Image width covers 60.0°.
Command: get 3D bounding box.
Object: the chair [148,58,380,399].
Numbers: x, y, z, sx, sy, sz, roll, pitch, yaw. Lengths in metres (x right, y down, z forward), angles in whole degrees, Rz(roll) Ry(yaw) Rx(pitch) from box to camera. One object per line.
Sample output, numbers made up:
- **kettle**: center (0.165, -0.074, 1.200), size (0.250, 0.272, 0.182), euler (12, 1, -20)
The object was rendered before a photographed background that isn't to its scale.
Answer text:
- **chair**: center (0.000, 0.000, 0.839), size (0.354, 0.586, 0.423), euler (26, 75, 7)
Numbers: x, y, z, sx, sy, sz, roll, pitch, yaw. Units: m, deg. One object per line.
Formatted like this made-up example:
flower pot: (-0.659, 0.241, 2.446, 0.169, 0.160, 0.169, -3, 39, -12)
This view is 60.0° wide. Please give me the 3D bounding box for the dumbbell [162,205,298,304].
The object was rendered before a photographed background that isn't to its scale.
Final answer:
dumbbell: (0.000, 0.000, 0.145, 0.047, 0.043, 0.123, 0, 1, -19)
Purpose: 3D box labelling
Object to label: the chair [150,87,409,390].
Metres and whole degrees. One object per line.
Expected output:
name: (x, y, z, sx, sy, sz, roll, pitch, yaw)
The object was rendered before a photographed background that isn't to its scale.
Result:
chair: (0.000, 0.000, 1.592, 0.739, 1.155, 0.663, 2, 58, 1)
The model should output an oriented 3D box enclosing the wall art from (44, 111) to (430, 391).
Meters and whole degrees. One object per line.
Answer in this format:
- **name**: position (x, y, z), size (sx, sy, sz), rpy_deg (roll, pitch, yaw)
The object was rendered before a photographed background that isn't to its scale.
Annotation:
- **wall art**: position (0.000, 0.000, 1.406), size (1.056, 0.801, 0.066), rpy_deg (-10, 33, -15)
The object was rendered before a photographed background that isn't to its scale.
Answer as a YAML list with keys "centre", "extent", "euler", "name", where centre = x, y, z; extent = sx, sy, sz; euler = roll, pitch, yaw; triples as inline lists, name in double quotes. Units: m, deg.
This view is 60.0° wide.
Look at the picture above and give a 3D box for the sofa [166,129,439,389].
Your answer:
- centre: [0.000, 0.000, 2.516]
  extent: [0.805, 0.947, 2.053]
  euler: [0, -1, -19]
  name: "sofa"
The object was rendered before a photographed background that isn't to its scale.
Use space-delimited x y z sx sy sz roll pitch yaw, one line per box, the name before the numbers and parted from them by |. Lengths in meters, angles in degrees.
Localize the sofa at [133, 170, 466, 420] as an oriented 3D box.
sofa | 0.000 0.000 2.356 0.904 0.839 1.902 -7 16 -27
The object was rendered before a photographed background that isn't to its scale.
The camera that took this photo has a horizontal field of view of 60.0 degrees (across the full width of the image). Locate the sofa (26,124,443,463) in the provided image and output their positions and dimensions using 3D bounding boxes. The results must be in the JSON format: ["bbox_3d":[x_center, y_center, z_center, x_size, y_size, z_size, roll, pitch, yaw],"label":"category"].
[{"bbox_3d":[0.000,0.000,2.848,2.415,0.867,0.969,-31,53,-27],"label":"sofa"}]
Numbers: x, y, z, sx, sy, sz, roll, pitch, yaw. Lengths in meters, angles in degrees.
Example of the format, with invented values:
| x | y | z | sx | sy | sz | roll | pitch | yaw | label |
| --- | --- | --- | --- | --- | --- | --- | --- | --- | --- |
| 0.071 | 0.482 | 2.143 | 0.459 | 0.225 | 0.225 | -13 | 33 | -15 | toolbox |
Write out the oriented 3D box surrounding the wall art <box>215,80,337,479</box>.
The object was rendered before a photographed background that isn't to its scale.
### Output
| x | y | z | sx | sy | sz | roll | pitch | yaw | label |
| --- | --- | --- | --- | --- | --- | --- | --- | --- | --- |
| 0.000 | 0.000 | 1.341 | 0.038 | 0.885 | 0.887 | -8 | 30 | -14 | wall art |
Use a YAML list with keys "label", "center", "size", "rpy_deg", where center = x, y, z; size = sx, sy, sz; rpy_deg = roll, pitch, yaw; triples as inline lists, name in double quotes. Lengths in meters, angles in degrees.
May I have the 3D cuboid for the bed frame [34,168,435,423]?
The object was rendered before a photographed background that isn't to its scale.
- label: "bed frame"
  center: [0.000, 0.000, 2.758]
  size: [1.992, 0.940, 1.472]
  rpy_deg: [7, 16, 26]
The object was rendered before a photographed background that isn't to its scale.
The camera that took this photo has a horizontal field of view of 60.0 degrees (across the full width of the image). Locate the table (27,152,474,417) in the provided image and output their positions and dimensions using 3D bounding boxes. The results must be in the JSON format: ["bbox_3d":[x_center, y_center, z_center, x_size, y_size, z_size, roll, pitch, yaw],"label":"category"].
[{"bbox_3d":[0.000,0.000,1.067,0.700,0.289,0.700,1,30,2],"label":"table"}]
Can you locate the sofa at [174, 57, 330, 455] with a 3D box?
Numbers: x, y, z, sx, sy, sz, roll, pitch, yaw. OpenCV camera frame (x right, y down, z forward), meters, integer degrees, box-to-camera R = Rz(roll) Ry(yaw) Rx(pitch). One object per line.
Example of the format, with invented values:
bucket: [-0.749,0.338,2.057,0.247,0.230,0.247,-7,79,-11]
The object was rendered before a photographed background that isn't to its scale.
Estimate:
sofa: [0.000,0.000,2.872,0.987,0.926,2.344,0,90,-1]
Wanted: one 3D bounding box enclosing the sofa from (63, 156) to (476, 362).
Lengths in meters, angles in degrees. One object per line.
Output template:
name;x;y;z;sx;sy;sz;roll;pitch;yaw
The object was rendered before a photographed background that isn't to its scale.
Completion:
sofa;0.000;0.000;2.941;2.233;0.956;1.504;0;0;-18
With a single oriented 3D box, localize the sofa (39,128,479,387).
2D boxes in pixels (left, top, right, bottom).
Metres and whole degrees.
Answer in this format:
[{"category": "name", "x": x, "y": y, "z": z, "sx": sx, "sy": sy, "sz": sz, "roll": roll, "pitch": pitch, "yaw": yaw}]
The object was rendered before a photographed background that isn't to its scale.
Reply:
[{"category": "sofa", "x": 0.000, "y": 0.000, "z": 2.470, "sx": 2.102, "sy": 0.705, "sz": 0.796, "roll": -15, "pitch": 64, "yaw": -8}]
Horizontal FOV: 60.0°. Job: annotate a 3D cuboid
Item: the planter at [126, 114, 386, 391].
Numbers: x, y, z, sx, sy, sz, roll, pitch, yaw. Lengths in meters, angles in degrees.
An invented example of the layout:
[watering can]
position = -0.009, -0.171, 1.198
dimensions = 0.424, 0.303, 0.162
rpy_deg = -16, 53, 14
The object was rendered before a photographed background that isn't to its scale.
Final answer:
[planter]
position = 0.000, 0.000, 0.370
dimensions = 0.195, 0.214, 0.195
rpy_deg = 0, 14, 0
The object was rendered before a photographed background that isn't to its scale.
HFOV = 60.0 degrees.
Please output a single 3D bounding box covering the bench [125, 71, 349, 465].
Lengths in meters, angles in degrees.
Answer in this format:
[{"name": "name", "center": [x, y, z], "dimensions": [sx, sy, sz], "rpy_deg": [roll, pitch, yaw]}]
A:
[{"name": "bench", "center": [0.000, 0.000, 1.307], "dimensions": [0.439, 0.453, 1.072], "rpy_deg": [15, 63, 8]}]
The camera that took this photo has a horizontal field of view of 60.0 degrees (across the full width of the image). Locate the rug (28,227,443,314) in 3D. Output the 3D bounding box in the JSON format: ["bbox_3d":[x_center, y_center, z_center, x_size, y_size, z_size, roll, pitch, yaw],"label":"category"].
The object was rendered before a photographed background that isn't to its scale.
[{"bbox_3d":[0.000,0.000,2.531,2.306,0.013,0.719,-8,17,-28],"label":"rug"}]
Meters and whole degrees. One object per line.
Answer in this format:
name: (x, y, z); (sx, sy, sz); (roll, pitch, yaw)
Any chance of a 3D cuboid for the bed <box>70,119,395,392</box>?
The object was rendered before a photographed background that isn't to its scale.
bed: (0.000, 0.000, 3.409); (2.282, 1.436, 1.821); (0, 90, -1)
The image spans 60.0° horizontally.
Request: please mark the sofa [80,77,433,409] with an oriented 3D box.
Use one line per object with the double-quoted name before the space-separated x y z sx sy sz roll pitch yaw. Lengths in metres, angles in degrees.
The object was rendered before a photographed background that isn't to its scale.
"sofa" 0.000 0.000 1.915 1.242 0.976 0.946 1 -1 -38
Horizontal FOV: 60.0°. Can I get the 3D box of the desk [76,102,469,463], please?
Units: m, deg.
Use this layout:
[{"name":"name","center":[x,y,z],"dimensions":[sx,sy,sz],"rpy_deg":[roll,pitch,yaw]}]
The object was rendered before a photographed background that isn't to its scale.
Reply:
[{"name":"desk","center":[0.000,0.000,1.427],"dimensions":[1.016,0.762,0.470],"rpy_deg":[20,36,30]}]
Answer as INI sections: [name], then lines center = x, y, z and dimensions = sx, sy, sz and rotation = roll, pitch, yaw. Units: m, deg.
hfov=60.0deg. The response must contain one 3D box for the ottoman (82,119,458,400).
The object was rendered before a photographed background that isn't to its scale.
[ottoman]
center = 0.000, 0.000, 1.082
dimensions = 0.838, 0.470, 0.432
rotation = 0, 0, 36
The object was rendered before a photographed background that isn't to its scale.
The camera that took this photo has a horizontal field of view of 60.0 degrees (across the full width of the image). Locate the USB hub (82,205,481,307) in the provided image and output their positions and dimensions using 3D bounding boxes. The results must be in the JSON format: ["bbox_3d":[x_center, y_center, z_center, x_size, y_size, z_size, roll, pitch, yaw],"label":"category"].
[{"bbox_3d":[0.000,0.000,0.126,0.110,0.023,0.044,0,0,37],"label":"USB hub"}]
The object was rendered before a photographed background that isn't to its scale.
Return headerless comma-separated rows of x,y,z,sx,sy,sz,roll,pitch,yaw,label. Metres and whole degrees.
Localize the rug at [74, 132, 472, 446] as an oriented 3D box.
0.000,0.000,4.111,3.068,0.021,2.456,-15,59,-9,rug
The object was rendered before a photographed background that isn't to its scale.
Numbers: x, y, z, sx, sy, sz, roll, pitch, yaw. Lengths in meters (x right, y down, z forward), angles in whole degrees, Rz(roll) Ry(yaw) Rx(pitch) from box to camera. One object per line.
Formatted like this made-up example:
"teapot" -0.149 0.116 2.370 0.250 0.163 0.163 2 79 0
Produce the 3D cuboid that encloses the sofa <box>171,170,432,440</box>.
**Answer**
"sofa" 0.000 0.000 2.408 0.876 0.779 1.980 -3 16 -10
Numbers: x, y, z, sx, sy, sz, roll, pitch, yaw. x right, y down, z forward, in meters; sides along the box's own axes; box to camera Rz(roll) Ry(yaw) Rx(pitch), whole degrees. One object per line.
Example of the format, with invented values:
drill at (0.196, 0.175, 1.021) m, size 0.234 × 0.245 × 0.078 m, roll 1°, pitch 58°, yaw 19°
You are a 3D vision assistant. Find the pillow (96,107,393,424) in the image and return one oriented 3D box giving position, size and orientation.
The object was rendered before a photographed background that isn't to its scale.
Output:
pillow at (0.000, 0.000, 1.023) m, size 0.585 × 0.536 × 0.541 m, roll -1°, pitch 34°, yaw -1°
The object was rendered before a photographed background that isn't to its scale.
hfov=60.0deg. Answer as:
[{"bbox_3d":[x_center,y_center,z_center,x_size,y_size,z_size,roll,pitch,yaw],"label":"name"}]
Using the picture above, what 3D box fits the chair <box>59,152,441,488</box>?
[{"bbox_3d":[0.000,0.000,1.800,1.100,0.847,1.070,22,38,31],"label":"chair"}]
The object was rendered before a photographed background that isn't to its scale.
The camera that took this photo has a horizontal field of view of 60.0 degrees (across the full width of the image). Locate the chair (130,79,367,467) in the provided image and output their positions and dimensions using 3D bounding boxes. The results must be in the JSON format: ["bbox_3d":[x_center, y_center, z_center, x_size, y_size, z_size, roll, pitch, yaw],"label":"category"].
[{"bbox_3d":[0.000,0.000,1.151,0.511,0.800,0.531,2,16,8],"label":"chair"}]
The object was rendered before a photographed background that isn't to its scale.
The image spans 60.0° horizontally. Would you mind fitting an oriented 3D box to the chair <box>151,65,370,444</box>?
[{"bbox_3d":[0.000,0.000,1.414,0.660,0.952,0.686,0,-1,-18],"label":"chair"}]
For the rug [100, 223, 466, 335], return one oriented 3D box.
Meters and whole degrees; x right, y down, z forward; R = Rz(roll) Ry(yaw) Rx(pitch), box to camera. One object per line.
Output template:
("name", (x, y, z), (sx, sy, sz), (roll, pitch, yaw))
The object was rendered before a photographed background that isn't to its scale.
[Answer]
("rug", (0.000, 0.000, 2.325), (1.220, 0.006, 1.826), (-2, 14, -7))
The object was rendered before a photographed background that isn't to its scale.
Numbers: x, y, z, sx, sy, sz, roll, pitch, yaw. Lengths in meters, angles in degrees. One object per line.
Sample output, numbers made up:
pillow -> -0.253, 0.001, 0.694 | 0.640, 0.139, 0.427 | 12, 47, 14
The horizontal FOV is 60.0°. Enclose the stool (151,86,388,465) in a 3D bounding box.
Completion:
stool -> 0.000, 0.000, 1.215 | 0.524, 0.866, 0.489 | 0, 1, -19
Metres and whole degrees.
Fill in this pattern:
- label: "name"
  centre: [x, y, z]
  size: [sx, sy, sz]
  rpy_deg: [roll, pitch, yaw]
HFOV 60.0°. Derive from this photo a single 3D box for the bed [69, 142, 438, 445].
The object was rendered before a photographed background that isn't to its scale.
+++
Look through the listing above. Pick out each line with "enclosing" and copy it.

The model should output an oriented 3D box enclosing the wall art from (44, 111) to (430, 391).
Wanted: one 3D bounding box enclosing the sofa from (63, 156) to (476, 362).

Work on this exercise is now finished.